Study material:
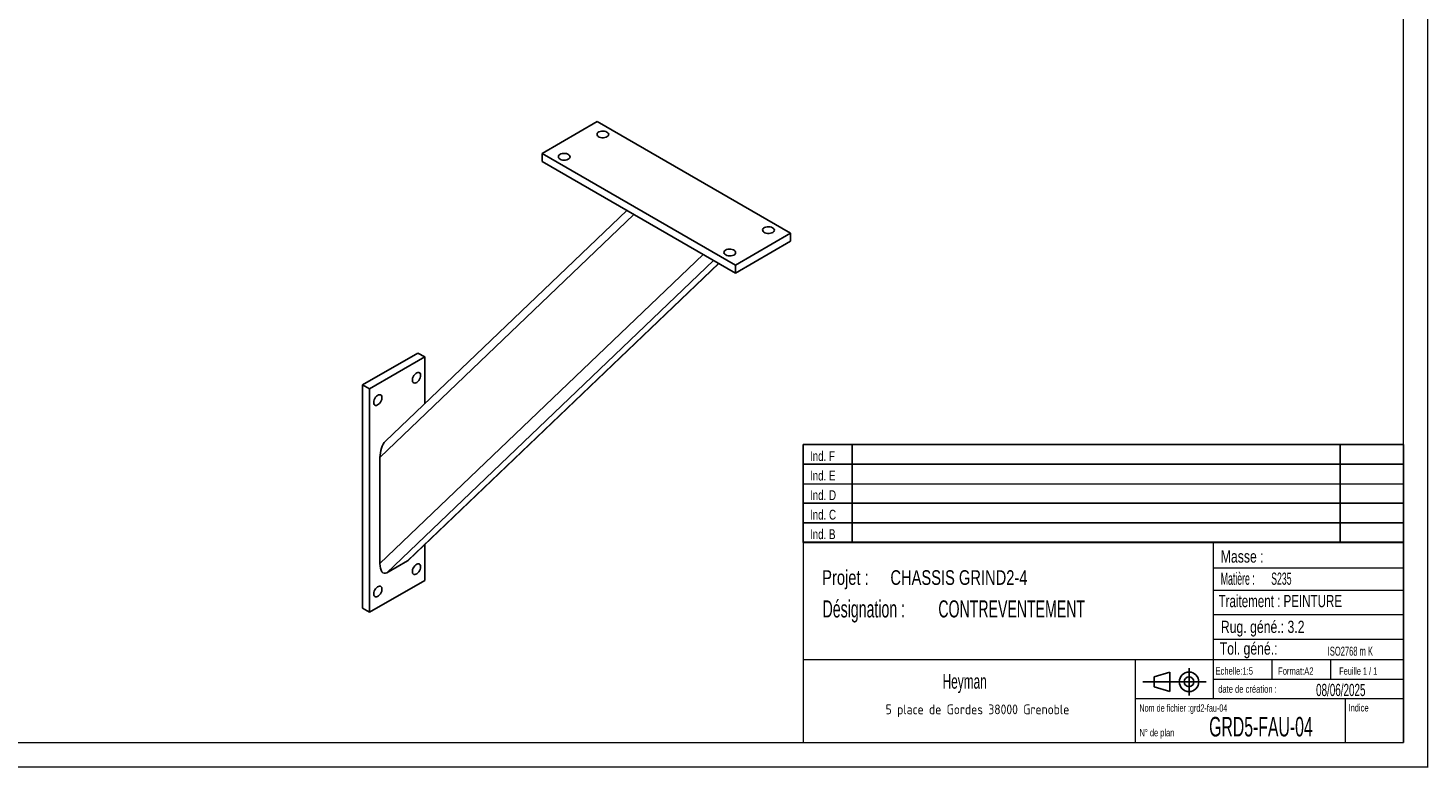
# Model space of a CAD drawing. Header units: millimetres. Extents: x 5 to 589, y 5 to 415.
# Tile 2 of 3: x 302 to 589, y 5 to 156. Entities that reach past the tile are written whole.
import ezdxf

# ---------------------------------------------------------------- set-up
doc = ezdxf.new("R2010")
doc.units = ezdxf.units.MM
doc.layers.add('NOTES', color=6, linetype='Continuous')
doc.layers.add('TRAIT-FORT', color=4, linetype='Continuous', lineweight=25)
doc.styles.add('SLDTEXTSTYLE0', font='TXT', dxfattribs={"width": 0.75})
doc.styles.add('SLDTEXTSTYLE1', font='TXT', dxfattribs={"width": 0.618212})
doc.styles.add('SLDTEXTSTYLE2', font='TXT', dxfattribs={"width": 0.709224})
doc.styles.add('SLDTEXTSTYLE3', font='TXT', dxfattribs={"width": 0.605})
doc.styles.add('SLDTEXTSTYLE4', font='TXT', dxfattribs={"width": 0.617423})
doc.styles.add('SLDTEXTSTYLE5', font='TXT', dxfattribs={"width": 0.7})
doc.styles.add('SLDTEXTSTYLE6', font='TXT', dxfattribs={"width": 0.535475})
doc.styles.add('SLDTEXTSTYLE7', font='ISOCP3', dxfattribs={"width": 0.96})
doc.styles.add('SLDTEXTSTYLE8', font='TXT', dxfattribs={"width": 0.692308})

# ---------------------------------------------------------------- blocks, each defined once
blk = doc.blocks.new('TAB MODIFS')
for p, q in [((123, 20), (0, 20)), ((0, 0), (0, 20)), ((10, 20), (10, 0)), ((110, 20), (110, 0)), ((123, 0), (123, 20)), ((0, 16), (123, 16)), ((0, 8), (123, 8)), ((0, 4), (123, 4)), ((0, 0), (123, 0))]:
    blk.add_line(p, q)
at = {"color": 7, "linetype": 'Continuous', "lineweight": 18}
blk.add_line((0, 12), (123, 12), dxfattribs=at)
at = {"color": 7}
for tag in ['AUTOATTR0', 'AUTOATTR1', 'AUTOATTR2', 'AUTOATTR3', 'AUTOATTR4', 'AUTOATTR5', 'AUTOATTR6', 'AUTOATTR7', 'AUTOATTR8', 'AUTOATTR9']:
    blk.add_attdef(tag, (0, 0), '', height=1, dxfattribs=at)
at = {"layer": 'NOTES', "color": 211, "char_height": 2, "attachment_point": 1, "style": 'SLDTEXTSTYLE0'}
for s, insert in [('Ind. F', (1.36, 18.66)), ('Ind. E', (1.36, 14.66)), ('Ind. D', (1.36, 10.66)), ('Ind. C', (1.36, 6.66)), ('Ind. B', (1.36, 2.66))]:
    blk.add_mtext(s, dxfattribs=dict(at, insert=insert))
blk = doc.blocks.new('Bloc2')
for p, q in [((2.32, 3.8), (5.55, 4.8)), ((2.32, 1.8), (2.32, 3.8)), ((5.55, 4.8), (5.55, 0.8)), ((9.48, 0), (9.48, 5.6)), ((0, 2.8), (12.98, 2.8)), ((5.55, 0.8), (2.32, 1.8))]:
    blk.add_line(p, q)
for radius in [2, 1]:
    blk.add_circle((9.48, 2.8), radius)
blk = doc.blocks.new('SW_NOTE_1')
at = {"layer": 'NOTES', "color": 0, "char_height": 3.5, "attachment_point": 1, "style": 'SLDTEXTSTYLE1'}
for s, insert in [('Désignation :', (0, 4.51)), ('CONTREVENTEMENT', (23.72, 4.51))]:
    blk.add_mtext(s, dxfattribs=dict(at, insert=insert))
blk = doc.blocks.new('SW_NOTE_2')
at = {"layer": 'NOTES', "color": 0, "char_height": 3, "attachment_point": 1, "style": 'SLDTEXTSTYLE0'}
for s, insert in [('Projet :', (0, 3.87)), ('CHASSIS GRIND2-4', (13.98, 3.87))]:
    blk.add_mtext(s, dxfattribs=dict(at, insert=insert))
blk = doc.blocks.new('SW_NOTE_3')
at = {"layer": 'NOTES', "color": 0, "char_height": 2.5, "attachment_point": 1, "style": 'SLDTEXTSTYLE6'}
for s, insert in [('Matière :', (0, 3.22)), ('S235', (10.33, 3.22))]:
    blk.add_mtext(s, dxfattribs=dict(at, insert=insert))
blk = doc.blocks.new('SW_NOTE_4')
at = {"layer": 'NOTES', "color": 0, "insert": (20.94, 2.58), "char_height": 2, "attachment_point": 2, "style": 'SLDTEXTSTYLE7'}
blk.add_mtext('5 place de Gordes 38000 Grenoble', dxfattribs=at)

msp = doc.modelspace()

# ---------------------------------------------------------------- linework, layer by layer
at = {"lineweight": 18}
for p, q in [((589, 5), (589, 415)), ((584, 10), (584, 410)), ((461, 51), (461, 10)), ((584, 51), (461, 51)), ((545, 51), (545, 19)), ((584, 51), (584, 10)), ((545, 45.756421), (584, 45.756421)), ((545, 41.178424), (584, 41.178424)), ((545, 36.244855), (584, 36.244855)), ((545, 31.177946), (584, 31.177946)), ((461, 27), (584, 27)), ((529, 27), (529, 10)), ((557, 27), (557, 23)), ((569, 27), (569, 23)), ((545, 23), (584, 23)), ((529, 19), (584, 19)), ((572, 19), (572, 10)), ((10, 10), (584, 10)), ((461, 10.000436), (584, 10)), ((5, 5), (589, 5))]:
    msp.add_line(p, q, dxfattribs=at)
at = {"layer": 'TRAIT-FORT', "lineweight": 25}
for p, q in [((418.786467, 137.113848), (407.472758, 130.582583)), ((458.384446, 114.254421), (418.786467, 137.113848)), ((407.472758, 130.582583), (407.472758, 128.949501)), ((407.472758, 130.582583), (447.070738, 107.723156)), ((407.472758, 128.949501), (447.070738, 106.090074)), ((426.292704, 118.084978), (374.23874, 68.366432)), ((424.836611, 118.925563), (375.379716, 71.687568)), ((447.070738, 107.723156), (458.384446, 114.254421)), ((447.070738, 106.090074), (458.384446, 112.621339)), ((458.384446, 114.254421), (458.384446, 112.621339)), ((440.459002, 109.906948), (374.23874, 46.65768)), ((442.578489, 108.683394), (375.652953, 44.760494)), ((443.624591, 108.079493), (379.895594, 47.209719)), ((380.168831, 47.418585), (443.658597, 108.059861)), ((447.070738, 107.723156), (447.070738, 106.090074)), ((382.016914, 89.75103), (370.703206, 83.219766)), ((383.431128, 88.934622), (372.117419, 82.403357)), ((383.431128, 88.934622), (382.016914, 89.75103)), ((383.431128, 79.37775), (383.431128, 88.934622)), ((372.117419, 82.403357), (370.703206, 83.219766)), ((370.703206, 83.219766), (370.703206, 37.49348)), ((372.117419, 82.403357), (372.117419, 36.677072)), ((374.23874, 46.65768), (374.23874, 68.366432)), ((383.431128, 43.208337), (383.431128, 50.534518)), ((375.652953, 44.760494), (379.895594, 47.209719)), ((372.117419, 36.677072), (383.431128, 43.208337)), ((372.117419, 36.677072), (370.703206, 37.49348))]:
    msp.add_line(p, q, dxfattribs=at)
at = {"layer": 'TRAIT-FORT', "lineweight": 25, "flags": 128}
for points in [[(420.766366, 134.991187), (420.528687, 135.097617), (420.252627, 135.166581), (419.955531, 135.193745), (419.656066, 135.177403), (419.373049, 135.118582), (419.124263, 135.020978), (418.925341, 134.890722), (418.788781, 134.736001), (418.723163, 134.566535), (418.732612, 134.392973), (418.816532, 134.226219), (418.969652, 134.076753), (419.182349, 133.953966), (419.44126, 133.865572), (419.730116, 133.817125), (420.030768, 133.811671), (420.324323, 133.849551), (420.592338, 133.928386), (420.817971, 134.043221), (420.987045, 134.186842), (421.088938, 134.350224), (421.117245, 134.523101), (421.07019, 134.694612), (420.950728, 134.853978), (420.766366, 134.991187)], [(411.149714, 129.439611), (411.387392, 129.333181), (411.663452, 129.264217), (411.960549, 129.237053), (412.260014, 129.253395), (412.54303, 129.312216), (412.791816, 129.40982), (412.990738, 129.540076), (413.127299, 129.694797), (413.192916, 129.864263), (413.183468, 130.037826), (413.099547, 130.204579), (412.946428, 130.354045), (412.73373, 130.476832), (412.474819, 130.565227), (412.185963, 130.613673), (411.885312, 130.619127), (411.591756, 130.581247), (411.323742, 130.502413), (411.098108, 130.387577), (410.929034, 130.243956), (410.827142, 130.080574), (410.798834, 129.907697), (410.845889, 129.736187), (410.965351, 129.57682), (411.149714, 129.439611)], [(454.707491, 115.397392), (454.469813, 115.503822), (454.193752, 115.572786), (453.896656, 115.599951), (453.597191, 115.583609), (453.314174, 115.524788), (453.065389, 115.427183), (452.866466, 115.296928), (452.729906, 115.142206), (452.664289, 114.97274), (452.673737, 114.799178), (452.757658, 114.632425), (452.910777, 114.482959), (453.123475, 114.360171), (453.382386, 114.271777), (453.671242, 114.223331), (453.971893, 114.217876), (454.265449, 114.255756), (454.533463, 114.334591), (454.759096, 114.449426), (454.928171, 114.593047), (455.030063, 114.756429), (455.058371, 114.929307), (455.011316, 115.100817), (454.891854, 115.260183), (454.707491, 115.397392)], [(445.090839, 109.845817), (445.328517, 109.739387), (445.604578, 109.670423), (445.901674, 109.643258), (446.201139, 109.6596), (446.484156, 109.718421), (446.732941, 109.816026), (446.931864, 109.946281), (447.068424, 110.101003), (447.134041, 110.270469), (447.124593, 110.444031), (447.040673, 110.610784), (446.887553, 110.76025), (446.674856, 110.883038), (446.415945, 110.971432), (446.127088, 111.019878), (445.826437, 111.025333), (445.532882, 110.987452), (445.264867, 110.908618), (445.039234, 110.793782), (444.870159, 110.650161), (444.768267, 110.486779), (444.739959, 110.313902), (444.787015, 110.142392), (444.906477, 109.983026), (445.090839, 109.845817)], [(382.5826, 85.178614), (382.555941, 85.406903), (382.477642, 85.59007), (382.352622, 85.716604), (382.188736, 85.778555), (381.996281, 85.772032), (381.787351, 85.697442), (381.575073, 85.559475), (381.372786, 85.366797), (381.193199, 85.131517), (381.047598, 84.868417), (380.94513, 84.59403), (380.892234, 84.325595), (380.892234, 84.079979), (380.94513, 83.872617), (381.047598, 83.716536), (381.193199, 83.621544), (381.372786, 83.59361), (381.575073, 83.634488), (381.787351, 83.741612), (381.996281, 83.908248), (382.188736, 84.123928), (382.352622, 84.375098), (382.477642, 84.645978), (382.555941, 84.919546), (382.5826, 85.178614)], [(372.965947, 79.627039), (372.992605, 79.39875), (373.070905, 79.215584), (373.195925, 79.08905), (373.359811, 79.027098), (373.552266, 79.033622), (373.761196, 79.108211), (373.973474, 79.246179), (374.175761, 79.438856), (374.355348, 79.674136), (374.500949, 79.937236), (374.603417, 80.211624), (374.656313, 80.480059), (374.656313, 80.725674), (374.603417, 80.933037), (374.500949, 81.089118), (374.355348, 81.184109), (374.175761, 81.212044), (373.973474, 81.171165), (373.761196, 81.064042), (373.552266, 80.897405), (373.359811, 80.681726), (373.195925, 80.430555), (373.070905, 80.159675), (372.992605, 79.886107), (372.965947, 79.627039)], [(382.5826, 45.984655), (382.555941, 46.212944), (382.477642, 46.396111), (382.352622, 46.522645), (382.188736, 46.584596), (381.996281, 46.578073), (381.787351, 46.503483), (381.575073, 46.365516), (381.372786, 46.172838), (381.193199, 45.937558), (381.047598, 45.674458), (380.94513, 45.400071), (380.892234, 45.131636), (380.892234, 44.88602), (380.94513, 44.678658), (381.047598, 44.522577), (381.193199, 44.427585), (381.372786, 44.399651), (381.575073, 44.440529), (381.787351, 44.547653), (381.996281, 44.714289), (382.188736, 44.929969), (382.352622, 45.181139), (382.477642, 45.452019), (382.555941, 45.725587), (382.5826, 45.984655)], [(372.965947, 40.43308), (372.992605, 40.204791), (373.070905, 40.021625), (373.195925, 39.895091), (373.359811, 39.833139), (373.552266, 39.839663), (373.761196, 39.914252), (373.973474, 40.05222), (374.175761, 40.244897), (374.355348, 40.480177), (374.500949, 40.743277), (374.603417, 41.017665), (374.656313, 41.2861), (374.656313, 41.531715), (374.603417, 41.739078), (374.500949, 41.895159), (374.355348, 41.99015), (374.175761, 42.018085), (373.973474, 41.977206), (373.761196, 41.870083), (373.552266, 41.703446), (373.359811, 41.487767), (373.195925, 41.236596), (373.070905, 40.965716), (372.992605, 40.692148), (372.965947, 40.43308)]]:
    msp.add_lwpolyline(points, dxfattribs=at)
at = {"layer": 'TRAIT-FORT', "lineweight": 25}
for centre, start_param, end_param in [((375.652953, 69.18284), 0.5725483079, 1.9489140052), ((375.652953, 47.474088), 1.9489140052, 3.519710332), ((379.895594, 49.923313), 3.519710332, 3.7141409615)]:
    msp.add_ellipse(centre, major_axis=(0.522088, 2.823304), ratio=0.4655238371, start_param=start_param, end_param=end_param, dxfattribs=at)

# ---------------------------------------------------------------- block references
for name, p in [('TAB MODIFS', (460.993558, 50.989863)), ('TAB MODIFS', (460.993558, 50.989863)), ('Bloc2', (530.559911, 19.634297)), ('Bloc2', (530.559911, 19.634297))]:
    msp.add_blockref(name, p)
at = {"layer": 'NOTES'}
for name, p in [('SW_NOTE_2', (464.861625, 41.413886)), ('SW_NOTE_3', (546.533163, 41.576653)), ('SW_NOTE_1', (464.948878, 34.60129)), ('SW_NOTE_4', (475.738456, 15.213274))]:
    msp.add_blockref(name, p, dxfattribs=at)

# ---------------------------------------------------------------- texts
for s, insert, char_height, attachment_point, style in [('Masse :', (546.533163, 49.345941), 2.5, 1, 'SLDTEXTSTYLE0'), ('Traitement : PEINTURE', (546.093046, 40.217764), 2.5, 1, 'SLDTEXTSTYLE2'), ('Rug. géné.: 3.2', (546.551413, 34.944919), 2.5, 1, 'SLDTEXTSTYLE0'), ('Tol. géné.:', (546.323589, 30.499333), 2.5, 1, 'SLDTEXTSTYLE0'), ('ISO2768 m K', (573.092274, 29.630168), 1.84729064, 2, 'SLDTEXTSTYLE3'), ('Heyman', (494.062745, 24.026761), 3, 2, 'SLDTEXTSTYLE3'), ('Echelle:1:5', (545.453454, 25.40475), 1.5, 1, 'SLDTEXTSTYLE0'), ('Format:A2', (558.289278, 25.380159), 1.5, 1, 'SLDTEXTSTYLE0'), ('Feuille 1 / 1', (570.806379, 25.383984), 1.5, 1, 'SLDTEXTSTYLE8'), ('date de création :', (546.008957, 21.694751), 1.5, 1, 'SLDTEXTSTYLE0'), ('08/06/2025', (571.126012, 22.016706), 2.5, 2, 'SLDTEXTSTYLE3'), ('Nom de fichier :grd2-fau-04', (529.852395, 17.815366), 1.5, 1, 'SLDTEXTSTYLE4'), ('Indice', (572.692687, 17.860162), 1.5, 1, 'SLDTEXTSTYLE0'), ('GRD5-FAU-04', (554.765148, 15.248806), 4, 2, 'SLDTEXTSTYLE3'), ('N° de plan', (529.878122, 12.765026), 1.5, 1, 'SLDTEXTSTYLE5')]:
    msp.add_mtext(s, dxfattribs=dict(at, insert=insert, char_height=char_height, attachment_point=attachment_point, style=style))

doc.saveas('drawing.dxf')

Exercise details: Check each line of the data for "blocks". Copy the lines where it turns up.

Exercise response:
# ---------------------------------------------------------------- blocks, each defined once
blk = doc.blocks.new('TAB MODIFS')
blk = doc.blocks.new('Bloc2')
blk = doc.blocks.new('SW_NOTE_1')
blk = doc.blocks.new('SW_NOTE_2')
blk = doc.blocks.new('SW_NOTE_3')
blk = doc.blocks.new('SW_NOTE_4')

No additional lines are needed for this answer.